Inference The ICP appears to be individual developers or small teams working in software development environments, who are looking for a structured way to integrate AI agents into their workflows.

Back to contents

Business Model & Pricing Evidence

There is no evidence of pricing, monetization strategy, or business model in the description. The author does not state whether DevFlow will be offered as a paid product, a freemium tool, or open-source.

Inference No commercial structure is evident from the self-reported description.

Back to contents

Technical & Delivery Signals

The project is built as a TypeScript monorepo, using:

  • React for the UI
  • Fastify for the API
  • CLI that mirrors UI capabilities
  • Hexagonal architecture to decouple orchestration rules from interfaces and persistence
  • Tools like Codex, GPT-5.6, Playwright, Vitest

The author reports iterative improvements during the hackathon, including:

  • Reusable routed workflows
  • Managed scratch workspaces
  • Live workspace exploration
  • Git worktree review lifecycle
  • Improved agent-delivery verification
  • Additional provider support

Inference The technical stack and architecture suggest a developer-focused tool with strong backend flexibility. However, no evidence of production deployment or scalability beyond the author’s own use.

Back to contents

Traction & Maturity Signals

The project was built during the OpenAI 2026 hackathon, and the author reports that it helped coordinate parts of its own development. There is no mention of:

  • Customers
  • Revenue
  • Usage metrics
  • Product adoption beyond the author’s own workflow
  • Any form of public release or distribution

Inference The project is at a very early stage, likely a prototype or MVP, with no evidence of traction or market validation.

Back to contents

Competitive Context

The description does not mention any competitors. It states that most available solutions felt like “demos, terminal wrappers, or fixed agent teams,” but it does not name or describe alternatives.
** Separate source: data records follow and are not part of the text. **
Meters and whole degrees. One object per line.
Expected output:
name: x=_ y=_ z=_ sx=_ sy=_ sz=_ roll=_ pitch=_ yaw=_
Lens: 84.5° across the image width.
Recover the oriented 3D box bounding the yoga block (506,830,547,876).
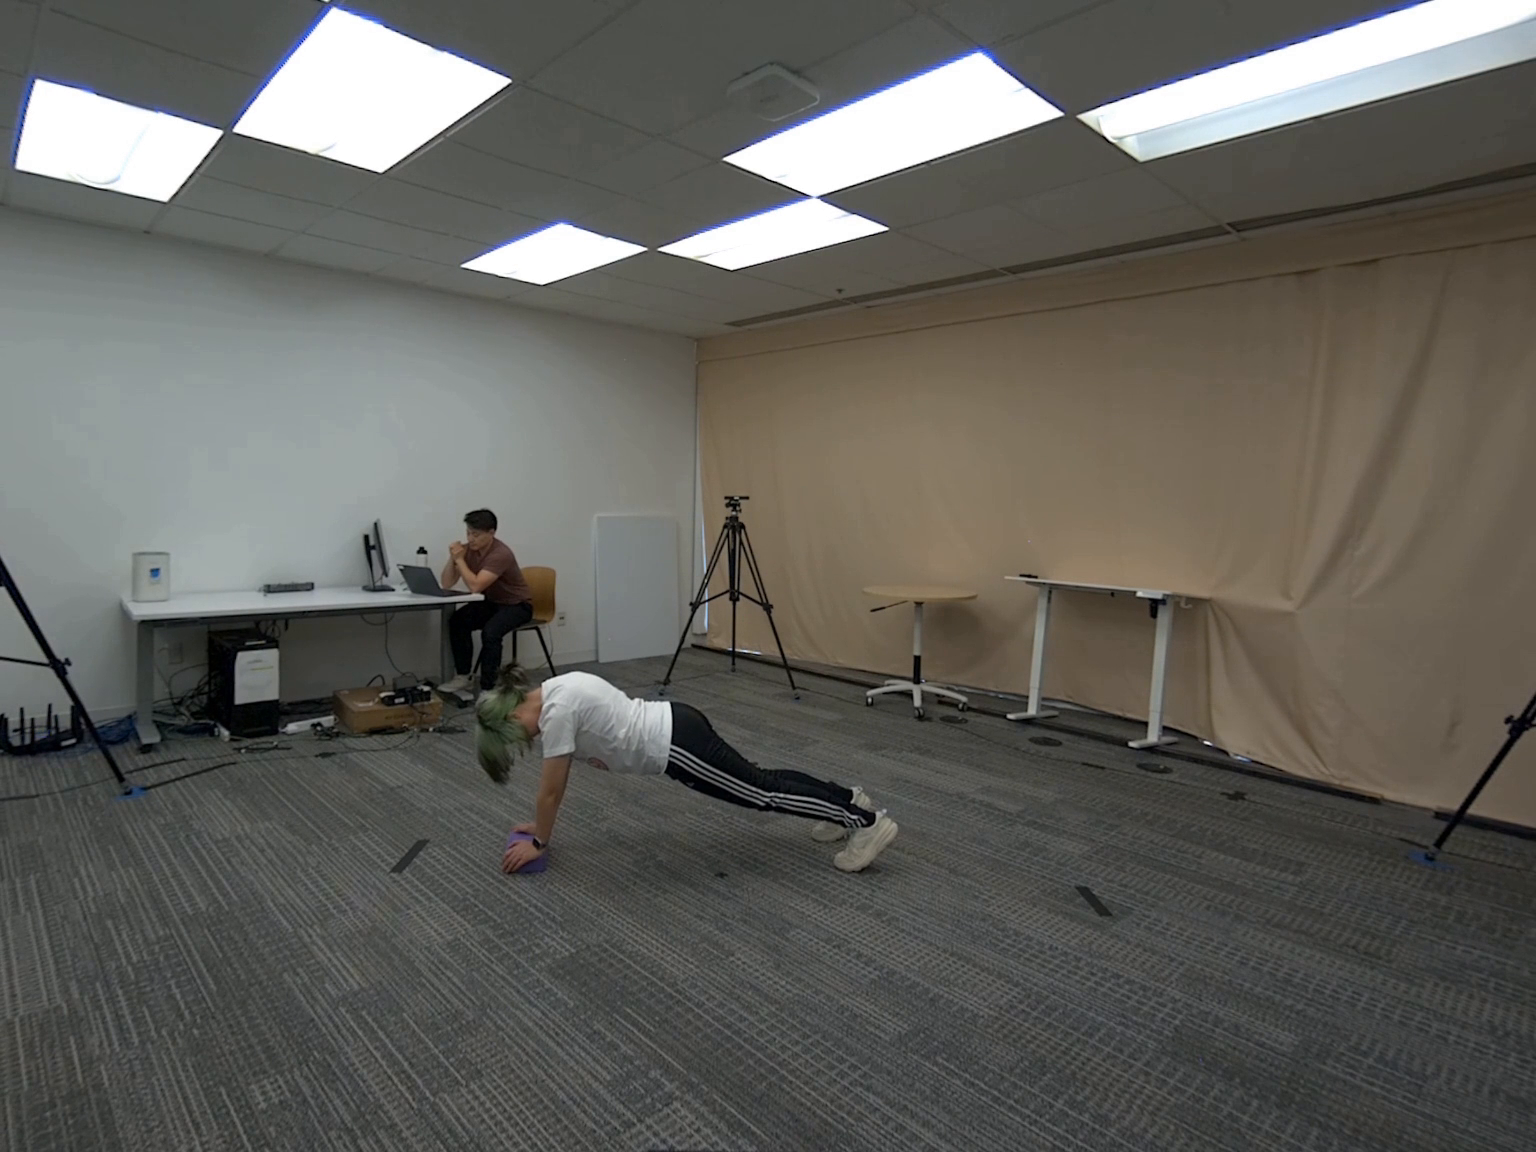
yoga block: x=-0.912 y=1.039 z=3.198 sx=0.148 sy=0.076 sz=0.232 roll=0 pitch=7 yaw=-9

Inference The competitive landscape is unknown from this report. The author’s framing suggests a gap in the market for structured AI orchestration tools, but no evidence of existing players or their offerings.

Back to contents

Key Risks & Red Flags

  • No traction or adoption: The project is described only as a hackathon effort with no evidence of real-world usage.
  • Single-person team: The team size is listed as 1, suggesting limited resources for product development or market expansion.
  • Unverified claims: All statements are self-reported and unverified; there is no third-party validation of functionality or impact.
  • Unclear commercial viability: No pricing, monetization, or business model is described.
  • No public release or distribution: The tool appears to be a personal project without any indication of broader availability.

Back to contents

Diligence Questions To Ask The Founders

  1. What specific problems in your own development workflow led you to build DevFlow?
  2. How do you plan to validate the need for this product beyond your own use case?
  3. Are there any early adopters or users who have tested DevFlow outside of the hackathon?
  4. What is your roadmap for monetization or commercialization?
  5. How do you intend to scale beyond a single developer’s workflow?
  6. What are the technical challenges in making this tool production-ready and scalable?

Back to contents

Investment/Partnership Verdict

Not evidenced: There is no evidence of revenue, customers, traction, or validated market demand for DevFlow. The project is described as a hackathon effort with no indication of commercial viability or product-market fit.

Confidence level Low. This is a self-reported, unverified description of a personal tool built by one developer. No data supports the claims of product maturity, adoption, or scalability.

Inference DevFlow may be an interesting concept for AI-assisted development workflows, but it is not yet a commercial product with demonstrated traction or market validation. It would require further due diligence to assess whether it has potential for growth or investment.

Back to contents

Source

Submitted to the OpenAI 2026 hackathon on Devpost. Project home on DevPost.

The analysis above was generated by a language model from the project's own one-line description. It is not independent research and contains no verified traction, revenue or customer data.